**Try it:** Copy each line below holding "Border".

-------- Records to use --------

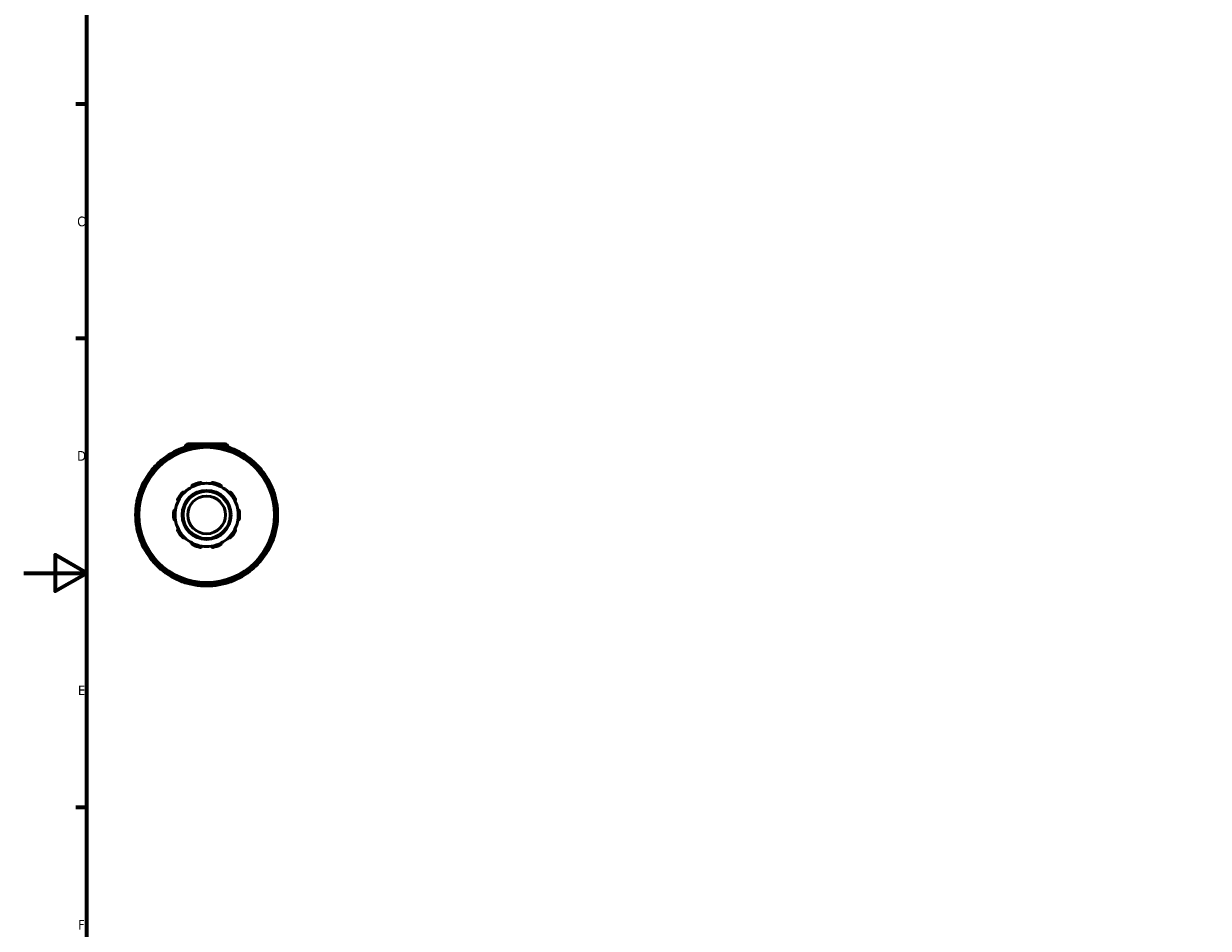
# Model space of a CAD drawing. Header units: millimetres. Extents: x -86 to 901, y -388 to 757.
# Tile 5 of 12: x 0 to 375, y 185 to 471. Entities that reach past the tile are written whole.
import ezdxf

# ---------------------------------------------------------------- set-up
doc = ezdxf.new("R2010")
doc.units = ezdxf.units.MM
for name, color, linetype, lineweight in [('Border (ANSI)', 7, 'Continuous', 70), ('Visible (ANSI)', 7, 'Continuous', 50), ('Visible Narrow (ANSI)', 7, 'Continuous', 35)]:
    doc.layers.add(name, color=color, linetype=linetype, lineweight=lineweight)
doc.styles.add('Note Text (ANSI)', font='tahoma.ttf')

# ---------------------------------------------------------------- blocks, each defined once
blk = doc.blocks.new('Borders Default Border')
at = {"layer": 'Border (ANSI)'}
for p, q in [((20, 445.5), (16.55, 445.5)), ((20, 371.25), (16.55, 371.25)), ((20, 222.75), (16.55, 222.75))]:
    blk.add_line(p, q, dxfattribs=at)
at = {"layer": 'Border (ANSI)', "flags": 128}
for points in [[(20, 20), (20, 574), (821, 574), (821, 20), (20, 20)], [(0, 297), (20, 297), (10, 302.77), (10, 291.23), (20, 297)]]:
    blk.add_lwpolyline(points, dxfattribs=at)
at = {"layer": 'Border (ANSI)', "char_height": 3.05, "attachment_point": 7, "style": 'Note Text (ANSI)'}
for s, insert in [('C', (16.95, 406.8)), ('D', (16.96, 332.6)), ('E', (17.21, 258.35)), ('F', (17.29, 184.1))]:
    blk.add_mtext(s, dxfattribs=dict(at, insert=insert))

msp = doc.modelspace()

# ---------------------------------------------------------------- linework, layer by layer
at = {"layer": 'Visible (ANSI)'}
for p, q in [((52.109, 337.927), (63.809, 337.927)), ((50.023, 335.923), (50.214, 335.591)), ((51.209, 337.027), (51.209, 336.891)), ((54.584, 336.762), (54.584, 337.145)), ((61.334, 337.145), (61.334, 336.762)), ((64.709, 337.027), (64.709, 336.891)), ((65.703, 335.591), (65.894, 335.923)), ((44.368, 332.216), (44.177, 332.548)), ((71.74, 332.548), (71.549, 332.216)), ((40.838, 329.209), (41.17, 329.018)), ((74.747, 329.018), (75.079, 329.209)), ((37.795, 323.172), (37.463, 323.363)), ((78.454, 323.363), (78.122, 323.172)), ((36.241, 318.802), (36.624, 318.802)), ((79.293, 318.802), (79.676, 318.802)), ((36.624, 312.052), (36.241, 312.052)), ((79.676, 312.052), (79.293, 312.052)), ((37.463, 307.491), (37.795, 307.683)), ((78.122, 307.683), (78.454, 307.491)), ((41.17, 301.837), (40.838, 301.646)), ((75.079, 301.646), (74.747, 301.837)), ((44.177, 298.307), (44.368, 298.638)), ((71.549, 298.638), (71.74, 298.307)), ((50.214, 295.263), (50.023, 294.932)), ((54.584, 293.71), (54.584, 294.093)), ((61.334, 294.093), (61.334, 293.71)), ((65.894, 294.932), (65.703, 295.263))]:
    msp.add_line(p, q, dxfattribs=at)
for radius in [21.6, 7.774, 7.475, 5.98]:
    msp.add_circle((57.959, 315.427), radius, dxfattribs=at)
for centre, radius, start, end in [((52.109, 337.027), 0.9, 90, 180), ((57.959, 315.427), 22.5, 80.01505, 99.98495), ((63.809, 337.027), 0.9, 0, 90), ((57.959, 315.427), 22.5, 110.01505, 129.98495), ((50.411, 336.147), 0.449, 110.01505, 210), ((57.959, 315.427), 22.5, 99.98495, 110.01505), ((54.135, 337.145), 0.449, 0, 99.98495), ((61.782, 337.145), 0.448, 80.01505, 180), ((57.959, 315.427), 22.5, 69.98495, 80.01505), ((57.959, 315.427), 22.5, 50.01505, 69.98495), ((65.506, 336.147), 0.449, 330, 69.98495), ((57.959, 315.427), 22.5, 129.98495, 140.01505), ((43.789, 332.324), 0.448, 30, 129.98495), ((72.129, 332.324), 0.449, 50.01505, 150), ((57.959, 315.427), 22.5, 39.98495, 50.01505), ((57.959, 315.427), 22.5, 140.01505, 159.98495), ((41.062, 329.597), 0.448, 140.01505, 240), ((74.855, 329.597), 0.449, 300, 39.98495), ((57.959, 315.427), 22.5, 20.01505, 39.98495), ((57.959, 315.427), 22.5, 159.98495, 170.01505), ((37.239, 322.975), 0.448, 60, 159.98495), ((57.959, 315.427), 10.017, 117.41632, 134.58368), ((57.959, 315.427), 10.017, 98.58368, 117.41632), ((57.959, 315.427), 10.465, 101.14938, 114.85062), ((57.959, 315.427), 10.016, 81.41632, 98.58368), ((57.959, 315.427), 10.017, 62.58368, 81.41632), ((57.959, 315.427), 10.465, 65.14938, 78.85062), ((57.959, 315.427), 10.017, 45.41632, 62.58368), ((78.678, 322.975), 0.448, 20.01505, 120), ((57.959, 315.427), 22.5, 9.98495, 20.01505), ((57.959, 315.427), 22.5, 170.01505, 189.98495), ((36.241, 319.251), 0.448, 170.01505, 270), ((57.959, 315.427), 10.017, 153.41632, 170.58368), ((57.959, 315.427), 10.465, 137.14938, 150.85062), ((57.959, 315.427), 10.017, 134.58368, 153.41632), ((57.959, 315.427), 10.017, 26.58368, 45.41632), ((57.959, 315.427), 10.465, 29.14938, 42.85062), ((57.959, 315.427), 10.017, 9.41632, 26.58368), ((79.676, 319.251), 0.449, 270, 9.98495), ((57.959, 315.427), 22.5, 350.01505, 9.98495), ((57.959, 315.427), 10.465, 173.14938, 186.85062), ((57.959, 315.427), 10.017, 170.58368, 189.41632), ((57.959, 315.427), 10.017, 350.58368, 9.41632), ((57.959, 315.427), 10.465, 353.14938, 6.85062), ((36.241, 311.604), 0.448, 90, 189.98495), ((57.959, 315.427), 22.5, 189.98495, 200.01505), ((57.959, 315.427), 10.017, 189.41632, 206.58368), ((57.959, 315.427), 10.017, 333.41632, 350.58368), ((57.959, 315.427), 22.5, 339.98495, 350.01505), ((79.676, 311.604), 0.448, 350.01505, 90), ((57.959, 315.427), 10.465, 209.14938, 222.85062), ((57.959, 315.427), 10.016, 206.58368, 225.41632), ((57.959, 315.427), 10.016, 225.41632, 242.58368), ((57.959, 315.427), 10.016, 297.41632, 314.58368), ((57.959, 315.427), 10.016, 314.58368, 333.41632), ((57.959, 315.427), 10.465, 317.14938, 330.85062), ((57.959, 315.427), 22.5, 200.01505, 219.98495), ((37.239, 307.88), 0.449, 200.01505, 300), ((57.959, 315.427), 10.017, 242.58368, 261.41632), ((57.959, 315.427), 10.465, 245.14938, 258.85062), ((57.959, 315.427), 10.016, 261.41632, 278.58368), ((57.959, 315.427), 10.017, 278.58368, 297.41632), ((57.959, 315.427), 10.465, 281.14938, 294.85062), ((57.959, 315.427), 22.5, 320.01505, 339.98495), ((78.678, 307.88), 0.448, 240, 339.98495), ((41.062, 301.257), 0.448, 120, 219.98495), ((57.959, 315.427), 22.5, 219.98495, 230.01505), ((57.959, 315.427), 22.5, 309.98495, 320.01505), ((74.855, 301.257), 0.449, 320.01505, 60), ((43.789, 298.531), 0.448, 230.01505, 330), ((57.959, 315.427), 22.5, 230.01505, 249.98495), ((57.959, 315.427), 22.5, 290.01505, 309.98495), ((72.129, 298.531), 0.449, 210, 309.98495), ((50.411, 294.708), 0.449, 150, 249.98495), ((57.959, 315.427), 22.5, 249.98495, 260.01505), ((54.135, 293.71), 0.449, 260.01505, 0), ((57.959, 315.427), 22.5, 260.01505, 279.98495), ((61.782, 293.71), 0.448, 180, 279.98495), ((57.959, 315.427), 22.5, 279.98495, 290.01505), ((65.506, 294.708), 0.449, 290.01505, 30)]:
    msp.add_arc(centre, radius, start, end, dxfattribs=at)
for points, knots in [([(53.346, 324.319), (53.324, 324.365), (53.307, 324.42), (53.297, 324.538), (53.304, 324.601), (53.342, 324.711), (53.37, 324.764), (53.43, 324.833), (53.453, 324.855), (53.504, 324.893), (53.532, 324.91), (53.561, 324.923)], [0.161263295, 0.161263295, 0.161263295, 0.161263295, 0.183059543, 0.183059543, 0.206269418, 0.206269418, 0.2253452, 0.2253452, 0.234883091, 0.234883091, 0.244420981, 0.244420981, 0.244420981, 0.244420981]), ([(55.935, 325.695), (55.966, 325.701), (55.998, 325.704), (56.062, 325.703), (56.093, 325.699), (56.183, 325.678), (56.237, 325.652), (56.332, 325.585), (56.375, 325.538), (56.436, 325.436), (56.455, 325.383), (56.464, 325.332)], [0.084571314, 0.084571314, 0.084571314, 0.084571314, 0.094109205, 0.094109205, 0.103647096, 0.103647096, 0.122722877, 0.122722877, 0.145932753, 0.145932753, 0.167729, 0.167729, 0.167729, 0.167729]), ([(59.454, 325.332), (59.462, 325.383), (59.481, 325.436), (59.542, 325.538), (59.585, 325.585), (59.68, 325.652), (59.734, 325.678), (59.824, 325.699), (59.855, 325.703), (59.919, 325.704), (59.951, 325.701), (59.982, 325.695)], [0.161263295, 0.161263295, 0.161263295, 0.161263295, 0.183059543, 0.183059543, 0.206269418, 0.206269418, 0.2253452, 0.2253452, 0.234883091, 0.234883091, 0.244420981, 0.244420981, 0.244420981, 0.244420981]), ([(62.356, 324.923), (62.385, 324.91), (62.413, 324.893), (62.464, 324.855), (62.487, 324.833), (62.547, 324.764), (62.576, 324.711), (62.613, 324.601), (62.62, 324.538), (62.61, 324.42), (62.594, 324.365), (62.571, 324.319)], [0.084571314, 0.084571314, 0.084571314, 0.084571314, 0.094109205, 0.094109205, 0.103647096, 0.103647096, 0.122722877, 0.122722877, 0.145932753, 0.145932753, 0.167729, 0.167729, 0.167729, 0.167729]), ([(49.001, 319.91), (48.955, 319.934), (48.91, 319.968), (48.832, 320.058), (48.801, 320.114), (48.767, 320.224), (48.758, 320.283), (48.766, 320.375), (48.772, 320.407), (48.791, 320.467), (48.803, 320.497), (48.819, 320.525)], [0.161263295, 0.161263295, 0.161263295, 0.161263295, 0.183059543, 0.183059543, 0.206269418, 0.206269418, 0.2253452, 0.2253452, 0.234883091, 0.234883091, 0.244420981, 0.244420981, 0.244420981, 0.244420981]), ([(50.286, 322.545), (50.308, 322.568), (50.332, 322.589), (50.384, 322.625), (50.412, 322.641), (50.497, 322.677), (50.556, 322.687), (50.672, 322.689), (50.735, 322.676), (50.844, 322.63), (50.89, 322.598), (50.927, 322.561)], [0.084571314, 0.084571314, 0.084571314, 0.084571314, 0.094109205, 0.094109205, 0.103647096, 0.103647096, 0.122722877, 0.122722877, 0.145932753, 0.145932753, 0.167729, 0.167729, 0.167729, 0.167729]), ([(64.99, 322.561), (65.027, 322.598), (65.073, 322.63), (65.182, 322.676), (65.245, 322.689), (65.361, 322.687), (65.42, 322.677), (65.505, 322.641), (65.533, 322.625), (65.585, 322.589), (65.609, 322.568), (65.631, 322.545)], [0.161263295, 0.161263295, 0.161263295, 0.161263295, 0.183059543, 0.183059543, 0.206269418, 0.206269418, 0.2253452, 0.2253452, 0.234883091, 0.234883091, 0.244420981, 0.244420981, 0.244420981, 0.244420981]), ([(67.098, 320.525), (67.114, 320.497), (67.126, 320.467), (67.145, 320.407), (67.151, 320.375), (67.159, 320.283), (67.15, 320.224), (67.116, 320.114), (67.085, 320.058), (67.007, 319.968), (66.962, 319.934), (66.916, 319.91)], [0.084571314, 0.084571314, 0.084571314, 0.084571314, 0.094109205, 0.094109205, 0.103647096, 0.103647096, 0.122722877, 0.122722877, 0.145932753, 0.145932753, 0.167729, 0.167729, 0.167729, 0.167729]), ([(47.568, 316.676), (47.572, 316.707), (47.579, 316.739), (47.6, 316.799), (47.614, 316.827), (47.661, 316.906), (47.703, 316.95), (47.795, 317.019), (47.854, 317.046), (47.969, 317.072), (48.026, 317.073), (48.077, 317.066)], [0.084571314, 0.084571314, 0.084571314, 0.084571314, 0.094109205, 0.094109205, 0.103647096, 0.103647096, 0.122722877, 0.122722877, 0.145932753, 0.145932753, 0.167729, 0.167729, 0.167729, 0.167729]), ([(67.84, 317.066), (67.891, 317.073), (67.948, 317.072), (68.063, 317.046), (68.122, 317.019), (68.214, 316.95), (68.256, 316.906), (68.304, 316.827), (68.317, 316.799), (68.338, 316.739), (68.345, 316.707), (68.349, 316.676)], [0.161263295, 0.161263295, 0.161263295, 0.161263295, 0.183059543, 0.183059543, 0.206269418, 0.206269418, 0.2253452, 0.2253452, 0.234883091, 0.234883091, 0.244420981, 0.244420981, 0.244420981, 0.244420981]), ([(48.077, 313.789), (48.026, 313.781), (47.969, 313.783), (47.854, 313.809), (47.795, 313.836), (47.703, 313.905), (47.661, 313.948), (47.614, 314.027), (47.6, 314.056), (47.579, 314.116), (47.572, 314.148), (47.568, 314.179)], [0.161263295, 0.161263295, 0.161263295, 0.161263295, 0.183059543, 0.183059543, 0.206269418, 0.206269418, 0.2253452, 0.2253452, 0.234883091, 0.234883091, 0.244420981, 0.244420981, 0.244420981, 0.244420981]), ([(68.349, 314.179), (68.345, 314.148), (68.338, 314.116), (68.317, 314.056), (68.304, 314.027), (68.256, 313.948), (68.214, 313.905), (68.122, 313.836), (68.063, 313.809), (67.948, 313.783), (67.891, 313.781), (67.84, 313.789)], [0.084571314, 0.084571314, 0.084571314, 0.084571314, 0.094109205, 0.094109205, 0.103647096, 0.103647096, 0.122722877, 0.122722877, 0.145932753, 0.145932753, 0.167729, 0.167729, 0.167729, 0.167729]), ([(48.819, 310.33), (48.803, 310.358), (48.791, 310.387), (48.772, 310.448), (48.766, 310.479), (48.758, 310.571), (48.767, 310.631), (48.801, 310.741), (48.832, 310.797), (48.91, 310.886), (48.955, 310.921), (49.001, 310.945)], [0.084571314, 0.084571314, 0.084571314, 0.084571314, 0.094109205, 0.094109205, 0.103647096, 0.103647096, 0.122722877, 0.122722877, 0.145932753, 0.145932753, 0.167729, 0.167729, 0.167729, 0.167729]), ([(50.927, 308.293), (50.89, 308.257), (50.844, 308.225), (50.735, 308.179), (50.672, 308.166), (50.556, 308.168), (50.497, 308.178), (50.412, 308.214), (50.384, 308.229), (50.332, 308.266), (50.308, 308.287), (50.286, 308.31)], [0.161263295, 0.161263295, 0.161263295, 0.161263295, 0.183059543, 0.183059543, 0.206269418, 0.206269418, 0.2253452, 0.2253452, 0.234883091, 0.234883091, 0.244420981, 0.244420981, 0.244420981, 0.244420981]), ([(65.631, 308.31), (65.609, 308.287), (65.585, 308.266), (65.533, 308.229), (65.505, 308.214), (65.42, 308.178), (65.361, 308.168), (65.245, 308.166), (65.182, 308.179), (65.073, 308.225), (65.027, 308.257), (64.99, 308.293)], [0.084571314, 0.084571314, 0.084571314, 0.084571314, 0.094109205, 0.094109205, 0.103647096, 0.103647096, 0.122722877, 0.122722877, 0.145932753, 0.145932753, 0.167729, 0.167729, 0.167729, 0.167729]), ([(66.916, 310.945), (66.962, 310.921), (67.007, 310.886), (67.085, 310.797), (67.116, 310.741), (67.15, 310.631), (67.159, 310.571), (67.151, 310.479), (67.145, 310.448), (67.126, 310.387), (67.114, 310.358), (67.098, 310.33)], [0.161263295, 0.161263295, 0.161263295, 0.161263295, 0.183059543, 0.183059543, 0.206269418, 0.206269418, 0.2253452, 0.2253452, 0.234883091, 0.234883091, 0.244420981, 0.244420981, 0.244420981, 0.244420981]), ([(53.561, 305.931), (53.532, 305.945), (53.504, 305.961), (53.453, 306), (53.43, 306.021), (53.37, 306.091), (53.342, 306.144), (53.304, 306.253), (53.297, 306.317), (53.307, 306.435), (53.324, 306.489), (53.346, 306.536)], [0.084571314, 0.084571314, 0.084571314, 0.084571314, 0.094109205, 0.094109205, 0.103647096, 0.103647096, 0.122722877, 0.122722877, 0.145932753, 0.145932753, 0.167729, 0.167729, 0.167729, 0.167729]), ([(56.464, 305.523), (56.455, 305.472), (56.436, 305.419), (56.375, 305.317), (56.332, 305.27), (56.237, 305.203), (56.183, 305.177), (56.093, 305.156), (56.062, 305.152), (55.998, 305.151), (55.966, 305.154), (55.935, 305.16)], [0.161263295, 0.161263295, 0.161263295, 0.161263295, 0.183059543, 0.183059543, 0.206269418, 0.206269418, 0.2253452, 0.2253452, 0.234883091, 0.234883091, 0.244420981, 0.244420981, 0.244420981, 0.244420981]), ([(59.982, 305.16), (59.951, 305.154), (59.919, 305.151), (59.855, 305.152), (59.824, 305.156), (59.734, 305.177), (59.68, 305.203), (59.585, 305.27), (59.542, 305.317), (59.481, 305.419), (59.462, 305.472), (59.454, 305.523)], [0.084571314, 0.084571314, 0.084571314, 0.084571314, 0.094109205, 0.094109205, 0.103647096, 0.103647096, 0.122722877, 0.122722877, 0.145932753, 0.145932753, 0.167729, 0.167729, 0.167729, 0.167729]), ([(62.571, 306.536), (62.594, 306.489), (62.61, 306.435), (62.62, 306.317), (62.613, 306.253), (62.576, 306.144), (62.547, 306.091), (62.487, 306.021), (62.464, 306), (62.413, 305.961), (62.385, 305.945), (62.356, 305.931)], [0.161263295, 0.161263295, 0.161263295, 0.161263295, 0.183059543, 0.183059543, 0.206269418, 0.206269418, 0.2253452, 0.2253452, 0.234883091, 0.234883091, 0.244420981, 0.244420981, 0.244420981, 0.244420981])]:
    msp.add_open_spline(points, degree=3, knots=knots, dxfattribs=at)
at = {"layer": 'Visible Narrow (ANSI)'}
for p, q in [((50.024, 335.923), (50.381, 336.129)), ((50.258, 336.567), (50.399, 336.18)), ((50.629, 335.77), (50.423, 336.127)), ((51.615, 337.027), (51.21, 337.027)), ((54.129, 337.18), (54.058, 337.585)), ((54.135, 337.122), (54.135, 336.709)), ((54.17, 337.145), (54.582, 337.145)), ((61.335, 337.145), (61.747, 337.145)), ((61.782, 336.709), (61.782, 337.122)), ((61.86, 337.585), (61.788, 337.18)), ((64.707, 337.027), (64.302, 337.027)), ((65.495, 336.127), (65.288, 335.77)), ((65.518, 336.18), (65.659, 336.567)), ((65.537, 336.129), (65.893, 335.923)), ((43.766, 332.35), (43.501, 332.666)), ((43.8, 332.304), (44.006, 331.946)), ((43.819, 332.341), (44.176, 332.547)), ((71.741, 332.547), (72.098, 332.341)), ((71.911, 331.946), (72.117, 332.304)), ((72.416, 332.666), (72.151, 332.35)), ((40.72, 329.885), (41.035, 329.62)), ((40.839, 329.21), (41.045, 329.567)), ((41.44, 329.38), (41.082, 329.586)), ((74.835, 329.586), (74.477, 329.38)), ((74.872, 329.567), (75.078, 329.21)), ((74.882, 329.62), (75.197, 329.885)), ((37.206, 322.987), (36.819, 323.128)), ((37.256, 323.005), (37.462, 323.362)), ((37.259, 322.963), (37.616, 322.757)), ((78.301, 322.757), (78.658, 322.963)), ((78.455, 323.362), (78.661, 323.005)), ((79.098, 323.128), (78.711, 322.987)), ((35.801, 319.328), (36.206, 319.257)), ((36.241, 318.804), (36.241, 319.216)), ((36.677, 319.251), (36.264, 319.251)), ((79.653, 319.251), (79.24, 319.251)), ((79.676, 319.216), (79.676, 318.804)), ((79.711, 319.257), (80.116, 319.328)), ((36.206, 311.598), (35.801, 311.526)), ((36.241, 311.639), (36.241, 312.051)), ((36.264, 311.604), (36.677, 311.604)), ((79.24, 311.604), (79.653, 311.604)), ((79.676, 312.051), (79.676, 311.639)), ((80.116, 311.526), (79.711, 311.598)), ((36.819, 307.727), (37.206, 307.868)), ((37.462, 307.493), (37.256, 307.849)), ((37.616, 308.098), (37.259, 307.891)), ((78.658, 307.891), (78.301, 308.098)), ((78.661, 307.849), (78.455, 307.493)), ((78.711, 307.868), (79.098, 307.727)), ((41.035, 301.235), (40.72, 300.97)), ((41.045, 301.288), (40.839, 301.645)), ((41.082, 301.269), (41.44, 301.475)), ((74.477, 301.475), (74.835, 301.269)), ((75.078, 301.645), (74.872, 301.288)), ((75.197, 300.97), (74.882, 301.235)), ((43.501, 298.189), (43.766, 298.504)), ((44.006, 298.909), (43.8, 298.551)), ((44.176, 298.308), (43.819, 298.514)), ((72.098, 298.514), (71.741, 298.308)), ((72.117, 298.551), (71.911, 298.909)), ((72.151, 298.504), (72.416, 298.189)), ((50.381, 294.725), (50.024, 294.931)), ((50.399, 294.675), (50.258, 294.288)), ((50.423, 294.728), (50.629, 295.085)), ((54.058, 293.27), (54.129, 293.675)), ((54.135, 294.146), (54.135, 293.733)), ((54.582, 293.71), (54.17, 293.71)), ((61.747, 293.71), (61.335, 293.71)), ((61.782, 293.733), (61.782, 294.146)), ((61.788, 293.675), (61.86, 293.27)), ((65.288, 295.085), (65.495, 294.728)), ((65.659, 294.288), (65.518, 294.675)), ((65.893, 294.931), (65.537, 294.725))]:
    msp.add_line(p, q, dxfattribs=at)
msp.add_circle((57.959, 315.427), 21.301, dxfattribs=at)
for radius, start, end in [(22.052, 112.06235, 127.93765), (22.051, 100.48646, 109.51354), (22.052, 82.06235, 97.93765), (22.052, 70.48646, 79.51354), (22.052, 52.06235, 67.93765), (22.052, 130.48646, 139.51354), (22.051, 40.48646, 49.51354), (22.052, 142.06235, 157.93765), (22.052, 22.06235, 37.93765), (22.052, 160.48646, 169.51354), (22.051, 10.48646, 19.51354), (22.051, 172.06235, 187.93765), (22.051, 352.06235, 7.93765), (22.052, 190.48646, 199.51354), (22.051, 340.48646, 349.51354), (22.051, 202.06235, 217.93765), (22.052, 322.06235, 337.93765), (22.052, 220.48646, 229.51354), (22.052, 310.48646, 319.51354), (22.052, 232.06235, 247.93765), (22.051, 292.06235, 307.93765), (22.052, 250.48646, 259.51354), (22.052, 262.06235, 277.93765), (22.052, 280.48646, 289.51354)]:
    msp.add_arc((57.959, 315.427), radius, start, end, dxfattribs=at)

# ---------------------------------------------------------------- block references
msp.add_blockref('Borders Default Border', (0, 0))

doc.saveas('drawing.dxf')

--------

**Written response:**
for name, color, linetype, lineweight in [('Border (ANSI)', 7, 'Continuous', 70), ('Visible (ANSI)', 7, 'Continuous', 50), ('Visible Narrow (ANSI)', 7, 'Continuous', 35)]:
blk = doc.blocks.new('Borders Default Border')
at = {"layer": 'Border (ANSI)'}
at = {"layer": 'Border (ANSI)', "flags": 128}
at = {"layer": 'Border (ANSI)', "char_height": 3.05, "attachment_point": 7, "style": 'Note Text (ANSI)'}
msp.add_blockref('Borders Default Border', (0, 0))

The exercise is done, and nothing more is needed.